WORK INSTRUCTIONS:
Your task is to return the span of lines beginning at the one with "text </head> [129, 1229, 1122, 1260]" and ending at the last line of the data, exactly as it stands.

DATASET:
▬▬▬▬▬▬

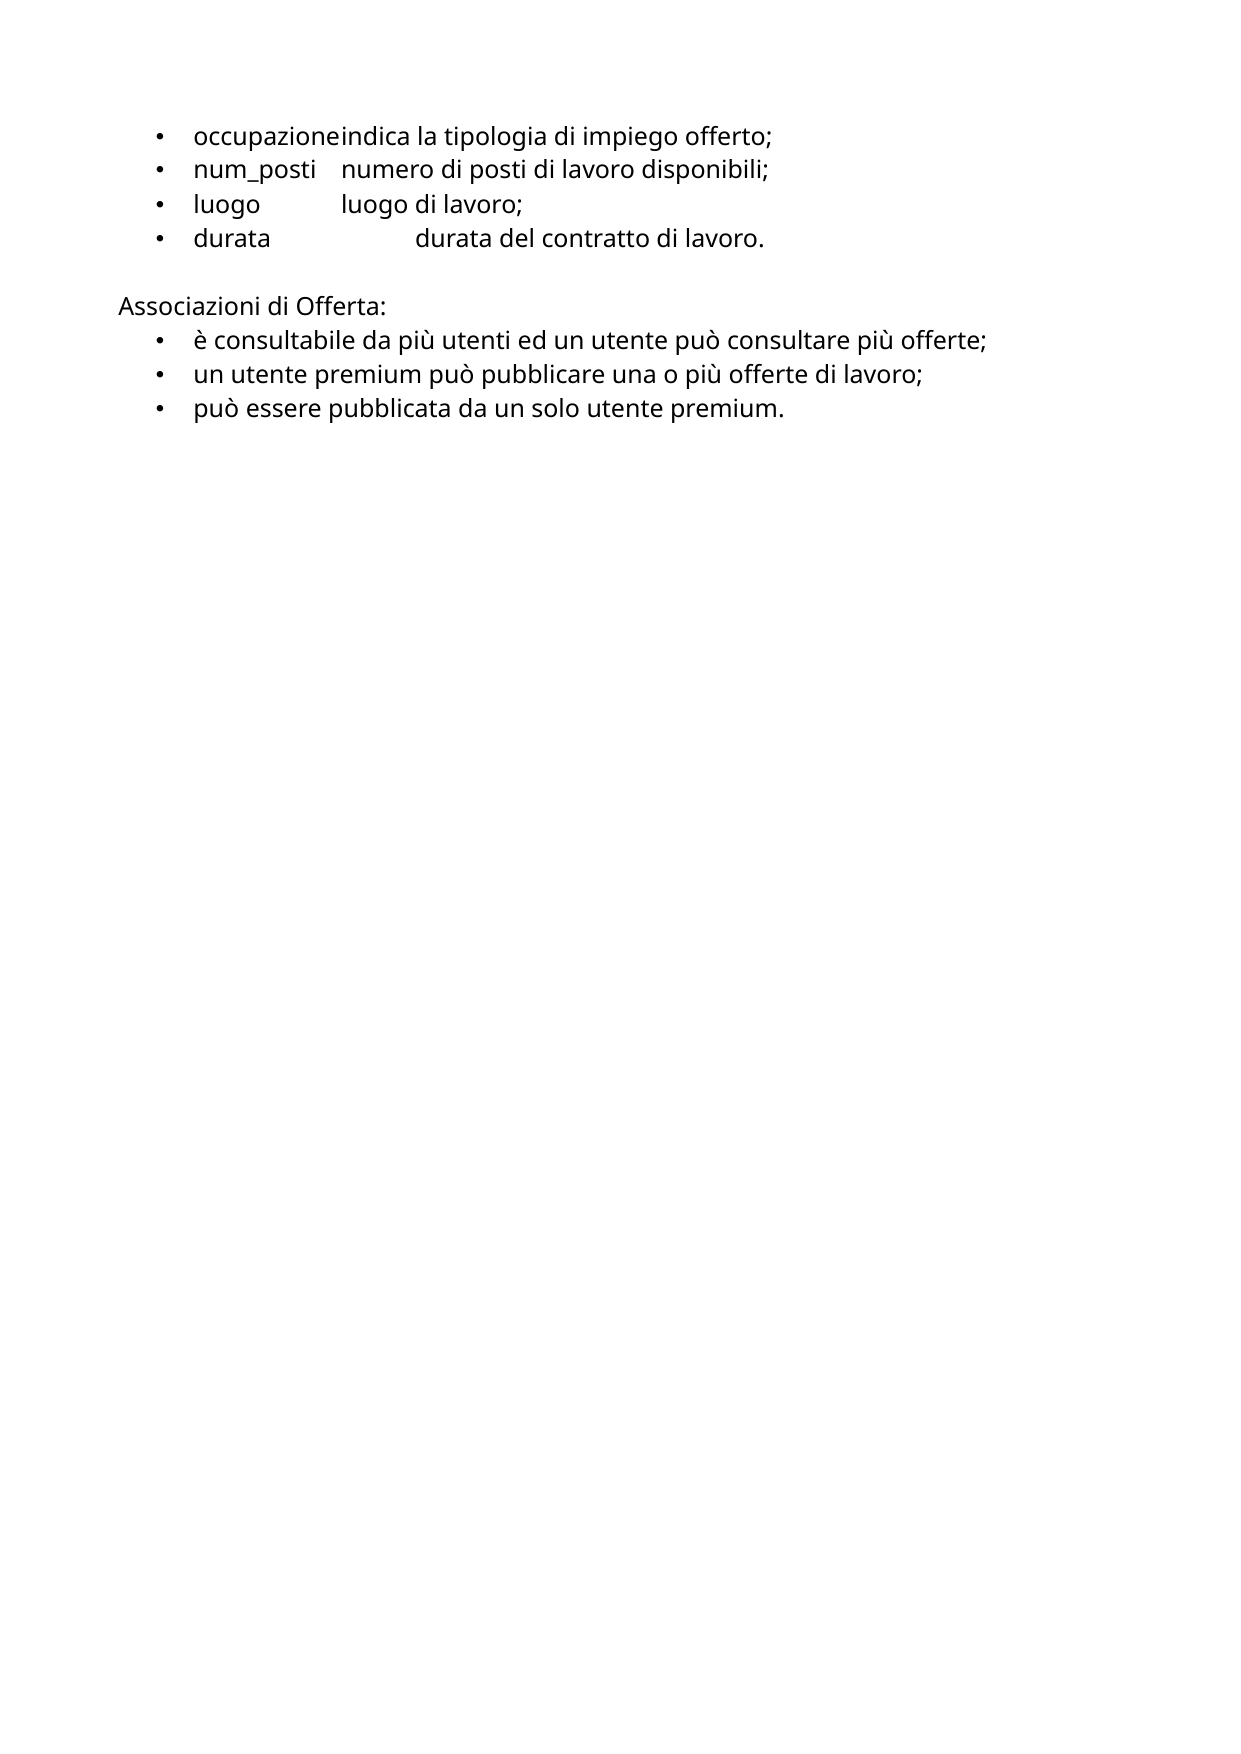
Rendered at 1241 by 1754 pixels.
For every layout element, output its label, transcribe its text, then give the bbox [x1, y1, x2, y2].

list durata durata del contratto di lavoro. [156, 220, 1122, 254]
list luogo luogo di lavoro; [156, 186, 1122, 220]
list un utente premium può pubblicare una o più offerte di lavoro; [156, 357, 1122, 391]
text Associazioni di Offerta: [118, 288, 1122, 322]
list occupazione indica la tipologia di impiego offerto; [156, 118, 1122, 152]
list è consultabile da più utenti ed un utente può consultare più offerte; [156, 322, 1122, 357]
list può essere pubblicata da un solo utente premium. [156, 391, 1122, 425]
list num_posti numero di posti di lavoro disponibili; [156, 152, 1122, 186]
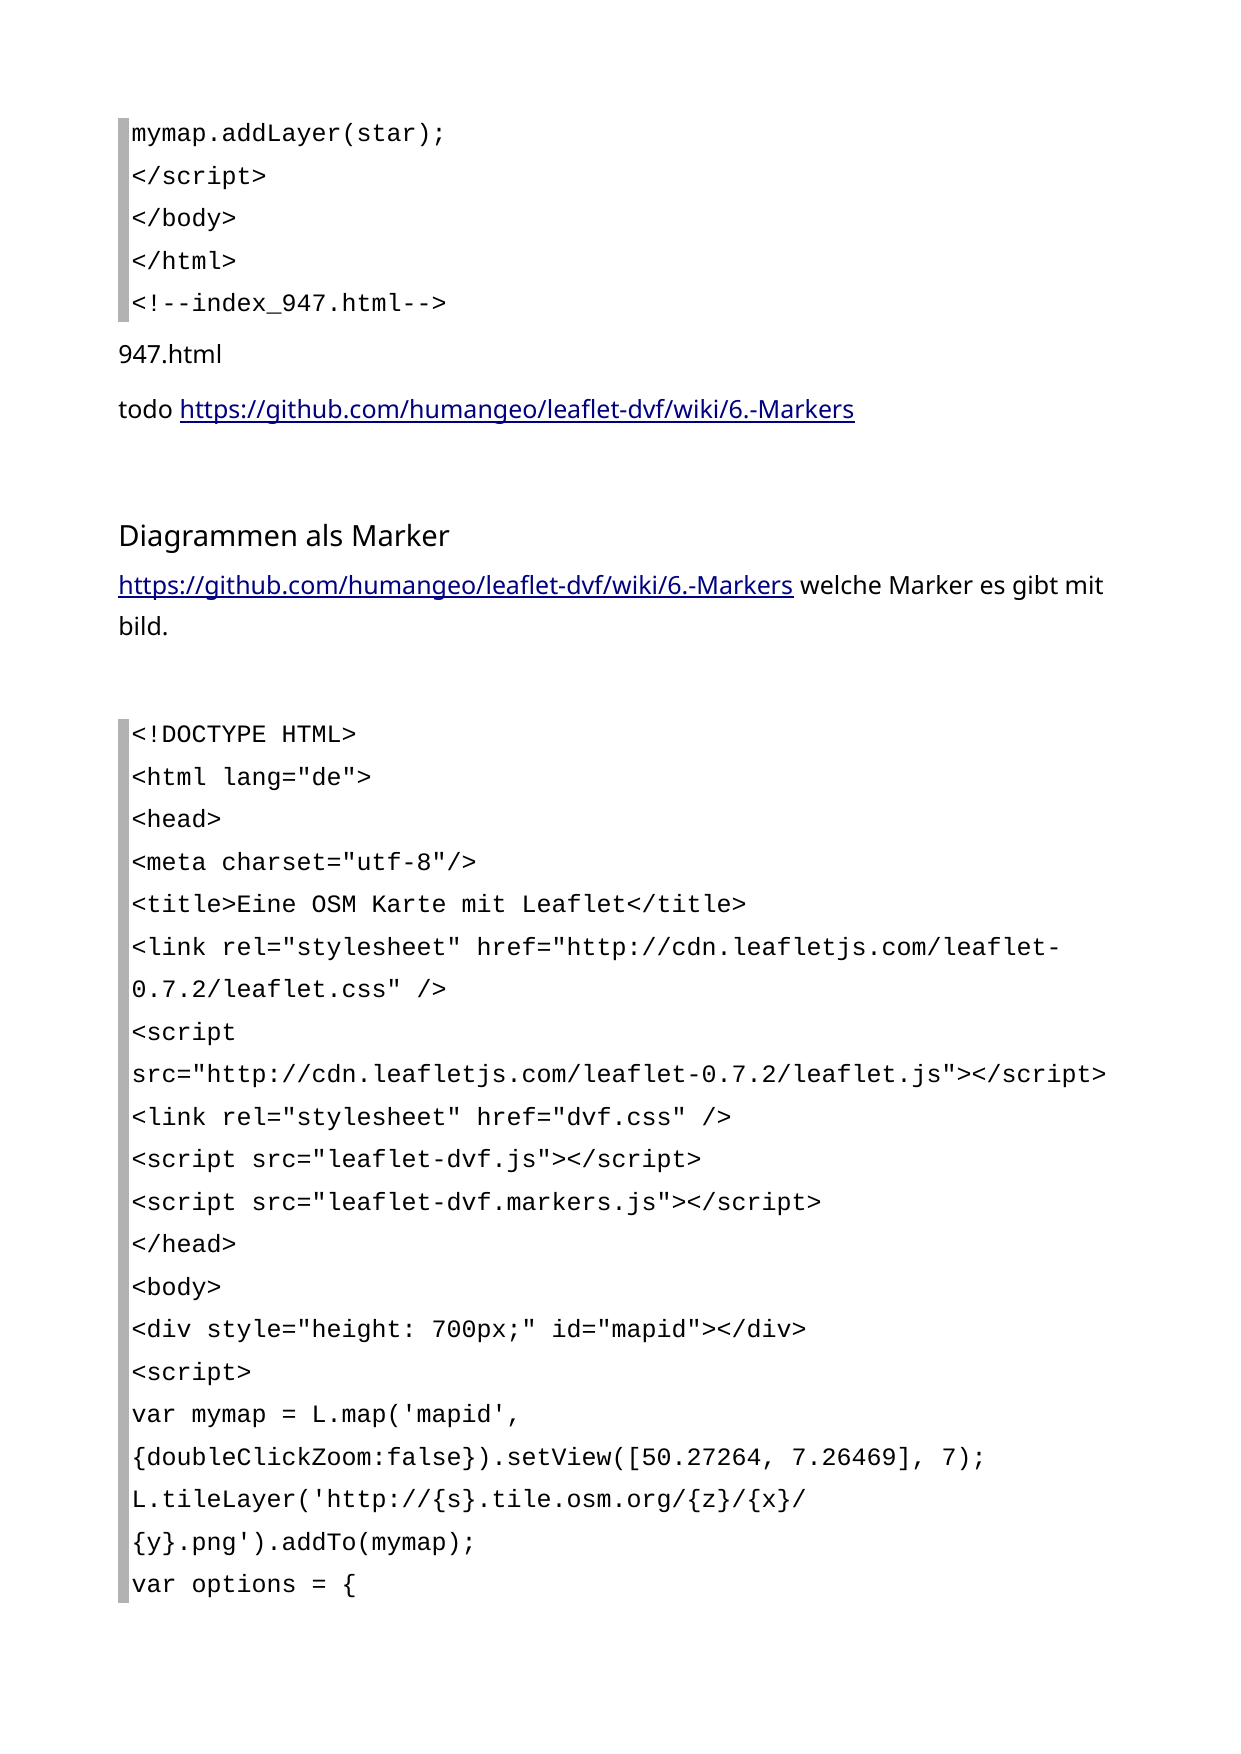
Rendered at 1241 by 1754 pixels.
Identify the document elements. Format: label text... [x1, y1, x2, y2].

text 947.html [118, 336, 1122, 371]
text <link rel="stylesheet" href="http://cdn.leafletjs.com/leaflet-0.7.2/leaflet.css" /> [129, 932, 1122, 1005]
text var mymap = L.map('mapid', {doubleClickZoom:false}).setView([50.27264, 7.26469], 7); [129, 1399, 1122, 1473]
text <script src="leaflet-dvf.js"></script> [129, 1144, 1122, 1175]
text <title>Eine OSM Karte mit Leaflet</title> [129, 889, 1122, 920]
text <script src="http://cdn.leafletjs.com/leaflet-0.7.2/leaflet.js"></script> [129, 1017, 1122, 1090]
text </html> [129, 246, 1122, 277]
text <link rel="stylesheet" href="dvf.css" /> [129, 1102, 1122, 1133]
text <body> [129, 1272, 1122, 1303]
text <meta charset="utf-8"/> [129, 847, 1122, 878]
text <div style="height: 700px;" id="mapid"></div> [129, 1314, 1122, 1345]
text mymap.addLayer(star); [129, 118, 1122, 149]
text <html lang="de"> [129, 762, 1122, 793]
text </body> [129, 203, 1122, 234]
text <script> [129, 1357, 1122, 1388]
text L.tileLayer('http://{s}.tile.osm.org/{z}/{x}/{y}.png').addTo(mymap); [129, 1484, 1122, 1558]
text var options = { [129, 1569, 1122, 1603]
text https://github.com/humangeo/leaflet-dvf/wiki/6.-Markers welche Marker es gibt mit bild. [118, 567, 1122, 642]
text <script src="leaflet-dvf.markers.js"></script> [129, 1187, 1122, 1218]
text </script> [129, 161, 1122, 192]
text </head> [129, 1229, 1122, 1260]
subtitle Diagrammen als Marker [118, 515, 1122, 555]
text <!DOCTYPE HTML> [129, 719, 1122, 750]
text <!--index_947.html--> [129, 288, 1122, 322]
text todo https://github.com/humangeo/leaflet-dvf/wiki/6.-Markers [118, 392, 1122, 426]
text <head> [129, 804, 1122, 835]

▬▬▬▬▬▬

ANSWER:
text </head> [129, 1229, 1122, 1260]
subtitle Diagrammen als Marker [118, 515, 1122, 555]
text <!DOCTYPE HTML> [129, 719, 1122, 750]
text <!--index_947.html--> [129, 288, 1122, 322]
text todo https://github.com/humangeo/leaflet-dvf/wiki/6.-Markers [118, 392, 1122, 426]
text <head> [129, 804, 1122, 835]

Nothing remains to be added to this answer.